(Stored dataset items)
★ ★ ★ ★ ★ ★ ★
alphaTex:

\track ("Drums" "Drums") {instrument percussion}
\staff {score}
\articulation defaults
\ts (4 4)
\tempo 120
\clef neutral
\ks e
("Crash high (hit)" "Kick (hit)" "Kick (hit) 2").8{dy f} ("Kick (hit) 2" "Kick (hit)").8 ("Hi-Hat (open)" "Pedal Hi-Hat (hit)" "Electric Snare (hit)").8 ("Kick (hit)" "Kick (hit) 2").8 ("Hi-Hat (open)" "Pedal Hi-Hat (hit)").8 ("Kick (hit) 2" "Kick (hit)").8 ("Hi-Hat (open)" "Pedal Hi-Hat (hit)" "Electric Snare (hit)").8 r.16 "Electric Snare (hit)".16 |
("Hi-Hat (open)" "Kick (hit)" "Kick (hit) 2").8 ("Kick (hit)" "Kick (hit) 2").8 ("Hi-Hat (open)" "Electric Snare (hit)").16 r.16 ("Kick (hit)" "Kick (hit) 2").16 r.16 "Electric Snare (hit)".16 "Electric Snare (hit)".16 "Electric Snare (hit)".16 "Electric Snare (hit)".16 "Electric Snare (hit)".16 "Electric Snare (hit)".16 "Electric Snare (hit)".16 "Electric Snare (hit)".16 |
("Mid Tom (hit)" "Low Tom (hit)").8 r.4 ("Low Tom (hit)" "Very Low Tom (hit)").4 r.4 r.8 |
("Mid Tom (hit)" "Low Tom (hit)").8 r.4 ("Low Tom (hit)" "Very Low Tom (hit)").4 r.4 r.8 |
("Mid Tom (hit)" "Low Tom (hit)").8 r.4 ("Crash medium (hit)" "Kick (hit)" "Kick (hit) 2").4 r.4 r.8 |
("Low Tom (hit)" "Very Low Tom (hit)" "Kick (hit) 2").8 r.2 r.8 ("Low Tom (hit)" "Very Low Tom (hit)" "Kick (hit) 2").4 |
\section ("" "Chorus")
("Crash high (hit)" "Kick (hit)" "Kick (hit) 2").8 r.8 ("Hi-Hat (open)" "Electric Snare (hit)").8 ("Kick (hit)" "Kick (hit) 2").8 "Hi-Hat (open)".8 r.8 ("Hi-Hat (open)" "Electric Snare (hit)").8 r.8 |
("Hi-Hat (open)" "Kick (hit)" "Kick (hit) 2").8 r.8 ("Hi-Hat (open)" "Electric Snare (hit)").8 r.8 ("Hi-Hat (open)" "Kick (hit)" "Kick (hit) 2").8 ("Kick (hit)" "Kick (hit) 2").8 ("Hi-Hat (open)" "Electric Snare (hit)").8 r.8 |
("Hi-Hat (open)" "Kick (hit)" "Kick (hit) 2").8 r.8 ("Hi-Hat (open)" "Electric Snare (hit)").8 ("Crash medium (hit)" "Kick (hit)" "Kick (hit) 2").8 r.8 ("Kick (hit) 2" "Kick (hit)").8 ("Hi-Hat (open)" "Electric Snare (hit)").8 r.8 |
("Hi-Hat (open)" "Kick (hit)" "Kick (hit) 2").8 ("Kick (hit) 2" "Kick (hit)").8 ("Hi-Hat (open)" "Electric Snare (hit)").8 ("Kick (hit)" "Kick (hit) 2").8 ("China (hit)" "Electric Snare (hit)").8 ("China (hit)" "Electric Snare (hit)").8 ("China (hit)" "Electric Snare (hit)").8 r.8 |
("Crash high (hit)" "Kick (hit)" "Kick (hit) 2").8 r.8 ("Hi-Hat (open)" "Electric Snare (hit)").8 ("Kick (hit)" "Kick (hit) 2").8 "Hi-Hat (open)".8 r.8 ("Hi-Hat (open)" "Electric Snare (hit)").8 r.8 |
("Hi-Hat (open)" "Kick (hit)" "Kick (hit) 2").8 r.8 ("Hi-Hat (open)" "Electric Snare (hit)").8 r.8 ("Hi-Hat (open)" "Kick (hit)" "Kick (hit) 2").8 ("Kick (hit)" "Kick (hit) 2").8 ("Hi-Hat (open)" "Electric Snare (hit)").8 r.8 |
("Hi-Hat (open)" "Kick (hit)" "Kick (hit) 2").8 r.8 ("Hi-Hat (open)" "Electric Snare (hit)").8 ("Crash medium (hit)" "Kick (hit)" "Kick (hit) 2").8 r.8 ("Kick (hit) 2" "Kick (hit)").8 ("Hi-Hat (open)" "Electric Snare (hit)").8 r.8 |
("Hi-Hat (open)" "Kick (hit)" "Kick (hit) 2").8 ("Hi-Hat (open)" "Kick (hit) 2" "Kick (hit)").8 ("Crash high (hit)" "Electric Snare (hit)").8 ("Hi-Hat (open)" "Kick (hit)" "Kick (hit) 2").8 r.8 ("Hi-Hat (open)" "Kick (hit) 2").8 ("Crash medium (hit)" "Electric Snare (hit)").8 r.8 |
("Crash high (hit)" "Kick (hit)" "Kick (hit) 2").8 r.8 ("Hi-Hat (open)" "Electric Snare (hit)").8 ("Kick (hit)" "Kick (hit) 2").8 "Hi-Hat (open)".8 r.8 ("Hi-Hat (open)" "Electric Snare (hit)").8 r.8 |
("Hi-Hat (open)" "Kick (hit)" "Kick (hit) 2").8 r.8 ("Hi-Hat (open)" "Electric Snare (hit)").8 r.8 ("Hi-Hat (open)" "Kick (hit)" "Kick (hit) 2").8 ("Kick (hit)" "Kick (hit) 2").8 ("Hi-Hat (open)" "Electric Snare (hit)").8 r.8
★ ★ ★ ★ ★ ★ ★
> What you are asked to do
For this exercise, all the data must be repeated exactly.

> Answer to the exercise
alphaTex:

\track ("Drums" "Drums") {instrument percussion}
\staff {score}
\articulation defaults
\ts (4 4)
\tempo 120
\clef neutral
\ks e
("Crash high (hit)" "Kick (hit)" "Kick (hit) 2").8{dy f} ("Kick (hit) 2" "Kick (hit)").8 ("Hi-Hat (open)" "Pedal Hi-Hat (hit)" "Electric Snare (hit)").8 ("Kick (hit)" "Kick (hit) 2").8 ("Hi-Hat (open)" "Pedal Hi-Hat (hit)").8 ("Kick (hit) 2" "Kick (hit)").8 ("Hi-Hat (open)" "Pedal Hi-Hat (hit)" "Electric Snare (hit)").8 r.16 "Electric Snare (hit)".16 |
("Hi-Hat (open)" "Kick (hit)" "Kick (hit) 2").8 ("Kick (hit)" "Kick (hit) 2").8 ("Hi-Hat (open)" "Electric Snare (hit)").16 r.16 ("Kick (hit)" "Kick (hit) 2").16 r.16 "Electric Snare (hit)".16 "Electric Snare (hit)".16 "Electric Snare (hit)".16 "Electric Snare (hit)".16 "Electric Snare (hit)".16 "Electric Snare (hit)".16 "Electric Snare (hit)".16 "Electric Snare (hit)".16 |
("Mid Tom (hit)" "Low Tom (hit)").8 r.4 ("Low Tom (hit)" "Very Low Tom (hit)").4 r.4 r.8 |
("Mid Tom (hit)" "Low Tom (hit)").8 r.4 ("Low Tom (hit)" "Very Low Tom (hit)").4 r.4 r.8 |
("Mid Tom (hit)" "Low Tom (hit)").8 r.4 ("Crash medium (hit)" "Kick (hit)" "Kick (hit) 2").4 r.4 r.8 |
("Low Tom (hit)" "Very Low Tom (hit)" "Kick (hit) 2").8 r.2 r.8 ("Low Tom (hit)" "Very Low Tom (hit)" "Kick (hit) 2").4 |
\section ("" "Chorus")
("Crash high (hit)" "Kick (hit)" "Kick (hit) 2").8 r.8 ("Hi-Hat (open)" "Electric Snare (hit)").8 ("Kick (hit)" "Kick (hit) 2").8 "Hi-Hat (open)".8 r.8 ("Hi-Hat (open)" "Electric Snare (hit)").8 r.8 |
("Hi-Hat (open)" "Kick (hit)" "Kick (hit) 2").8 r.8 ("Hi-Hat (open)" "Electric Snare (hit)").8 r.8 ("Hi-Hat (open)" "Kick (hit)" "Kick (hit) 2").8 ("Kick (hit)" "Kick (hit) 2").8 ("Hi-Hat (open)" "Electric Snare (hit)").8 r.8 |
("Hi-Hat (open)" "Kick (hit)" "Kick (hit) 2").8 r.8 ("Hi-Hat (open)" "Electric Snare (hit)").8 ("Crash medium (hit)" "Kick (hit)" "Kick (hit) 2").8 r.8 ("Kick (hit) 2" "Kick (hit)").8 ("Hi-Hat (open)" "Electric Snare (hit)").8 r.8 |
("Hi-Hat (open)" "Kick (hit)" "Kick (hit) 2").8 ("Kick (hit) 2" "Kick (hit)").8 ("Hi-Hat (open)" "Electric Snare (hit)").8 ("Kick (hit)" "Kick (hit) 2").8 ("China (hit)" "Electric Snare (hit)").8 ("China (hit)" "Electric Snare (hit)").8 ("China (hit)" "Electric Snare (hit)").8 r.8 |
("Crash high (hit)" "Kick (hit)" "Kick (hit) 2").8 r.8 ("Hi-Hat (open)" "Electric Snare (hit)").8 ("Kick (hit)" "Kick (hit) 2").8 "Hi-Hat (open)".8 r.8 ("Hi-Hat (open)" "Electric Snare (hit)").8 r.8 |
("Hi-Hat (open)" "Kick (hit)" "Kick (hit) 2").8 r.8 ("Hi-Hat (open)" "Electric Snare (hit)").8 r.8 ("Hi-Hat (open)" "Kick (hit)" "Kick (hit) 2").8 ("Kick (hit)" "Kick (hit) 2").8 ("Hi-Hat (open)" "Electric Snare (hit)").8 r.8 |
("Hi-Hat (open)" "Kick (hit)" "Kick (hit) 2").8 r.8 ("Hi-Hat (open)" "Electric Snare (hit)").8 ("Crash medium (hit)" "Kick (hit)" "Kick (hit) 2").8 r.8 ("Kick (hit) 2" "Kick (hit)").8 ("Hi-Hat (open)" "Electric Snare (hit)").8 r.8 |
("Hi-Hat (open)" "Kick (hit)" "Kick (hit) 2").8 ("Hi-Hat (open)" "Kick (hit) 2" "Kick (hit)").8 ("Crash high (hit)" "Electric Snare (hit)").8 ("Hi-Hat (open)" "Kick (hit)" "Kick (hit) 2").8 r.8 ("Hi-Hat (open)" "Kick (hit) 2").8 ("Crash medium (hit)" "Electric Snare (hit)").8 r.8 |
("Crash high (hit)" "Kick (hit)" "Kick (hit) 2").8 r.8 ("Hi-Hat (open)" "Electric Snare (hit)").8 ("Kick (hit)" "Kick (hit) 2").8 "Hi-Hat (open)".8 r.8 ("Hi-Hat (open)" "Electric Snare (hit)").8 r.8 |
("Hi-Hat (open)" "Kick (hit)" "Kick (hit) 2").8 r.8 ("Hi-Hat (open)" "Electric Snare (hit)").8 r.8 ("Hi-Hat (open)" "Kick (hit)" "Kick (hit) 2").8 ("Kick (hit)" "Kick (hit) 2").8 ("Hi-Hat (open)" "Electric Snare (hit)").8 r.8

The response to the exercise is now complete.